Off-label drugs, therefore, are already registered and approved, but for different therapeutic indications than those for which they are instead prescribed.
Off Label Medicine

Off-label drugs can be used on both adult and pediatric patients and used in different branches of medicine. However, sectors such as oncology, psychiatry, neurology, hematology, transplantology and rheumatology are the areas in which they are used most often.

The AIFA (Italian Medicines Agency) draws up and constantly updates a series of lists containing all those drugs for which an off-label use is also envisaged.
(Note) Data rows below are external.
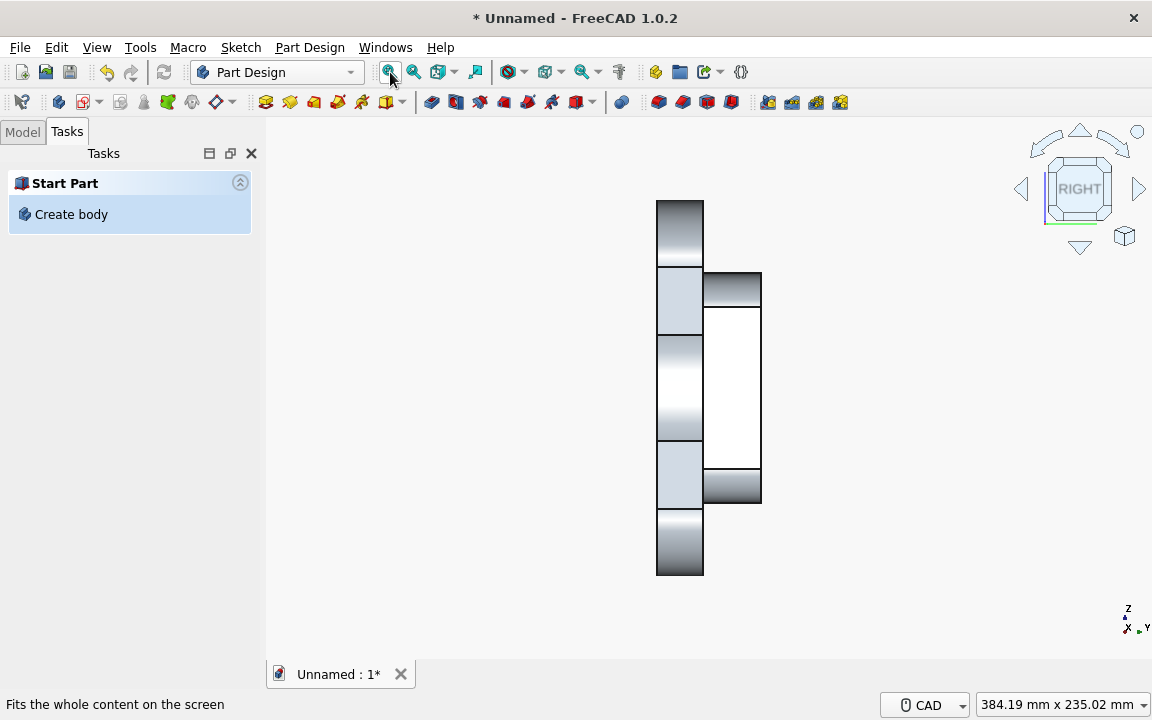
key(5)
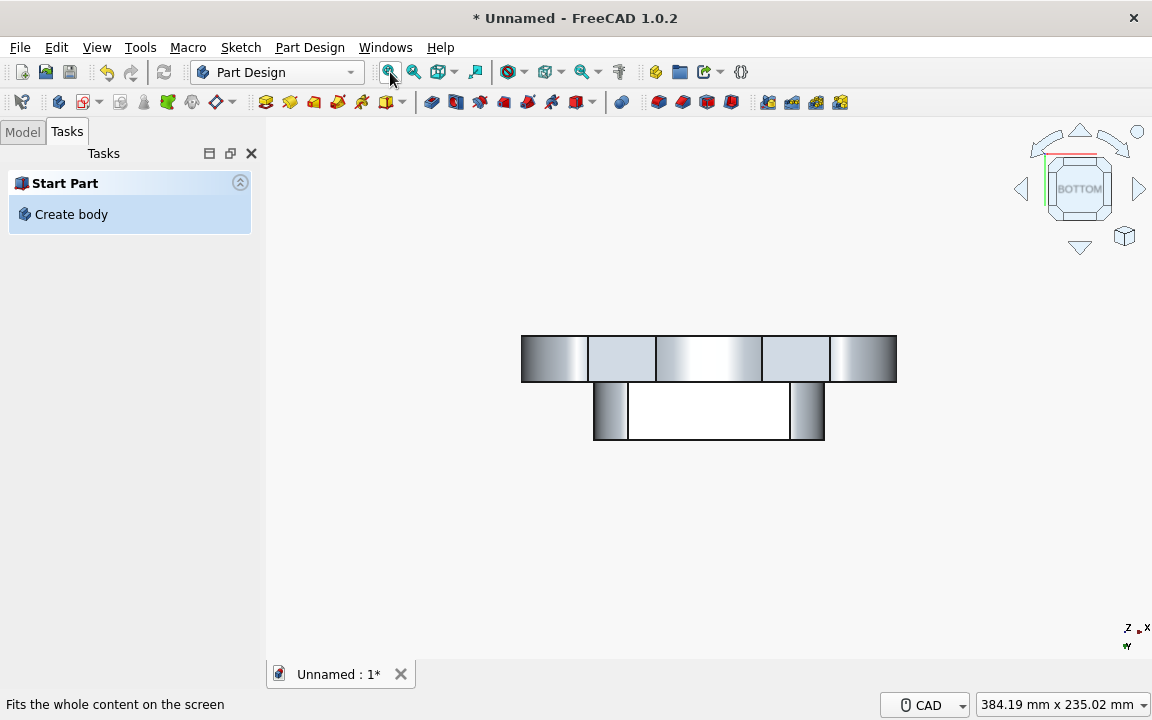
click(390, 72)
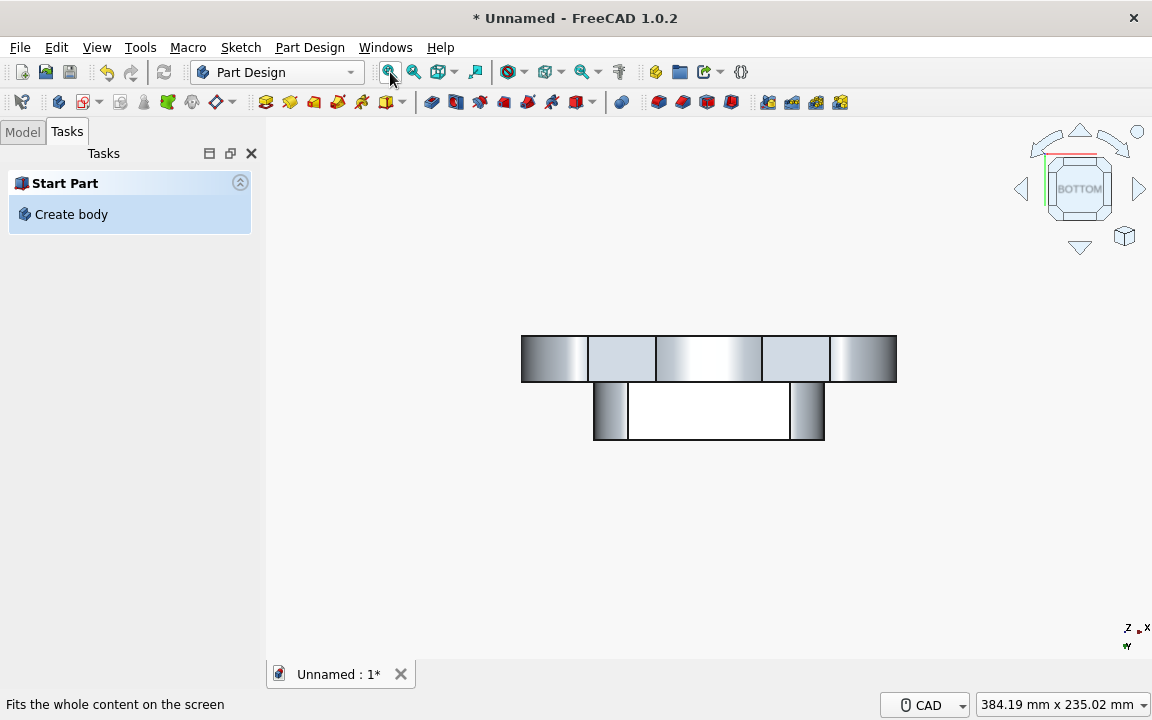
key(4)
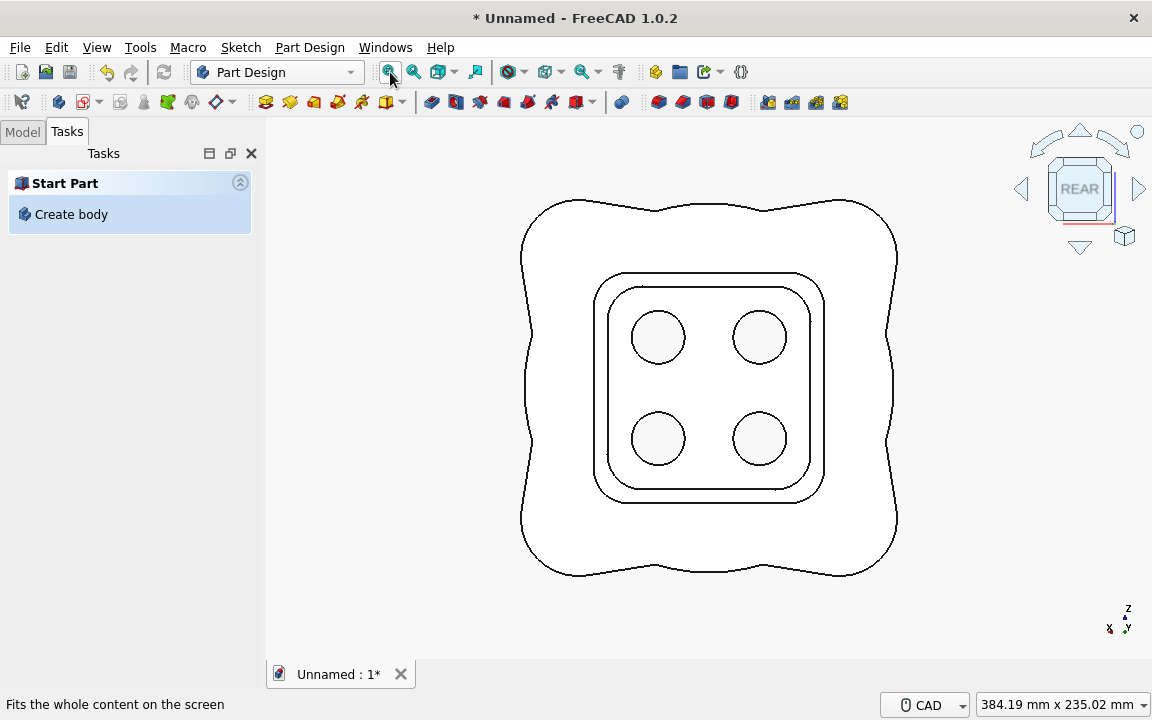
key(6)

These lists can be consulted directly on the AIFA website and below

Off-label use of drugs can only be carried out in certain cases and only following very specific regulations.

The laws enacted so far on the subject and currently in force allow doctors to prescribe certain drugs for a use other than that for which the medicine was approved, but only on the basis of documented scientific evidence and only in the event that therapeutic alternatives are not available best.

In truth, there is no real law that clearly and completely regulates the prescription and use of off-label drugs. However, there are some laws and some decrees that provide guidance on this.

As mentioned, the law allows the doctor to prescribe the administration of off-label drugs under his direct responsibility.

However, since the use of drugs for clinical conditions not officially approved, the doctor has the duty to inform the patient (from whom, by law, he must then obtain consent), providing information on the reasons that lead him to use off-the-shelf drugs. label and the potential risks associated with them.

Even if supported by scientific evidence, the use of off-label drugs is connected to potential risks for the patient who takes them. In fact, the efficacy and safety of use of these active ingredients have been studied and tested in patient populations in different conditions than those for which the off-label drug is instead prescribed.

Therefore, patients may respond to treatment with off-label drugs unexpectedly and new undocumented side effects may also arise.
Unfortunately, however, in some cases the doctor cannot behave differently and the use of off-label drugs is the only therapeutic strategy available.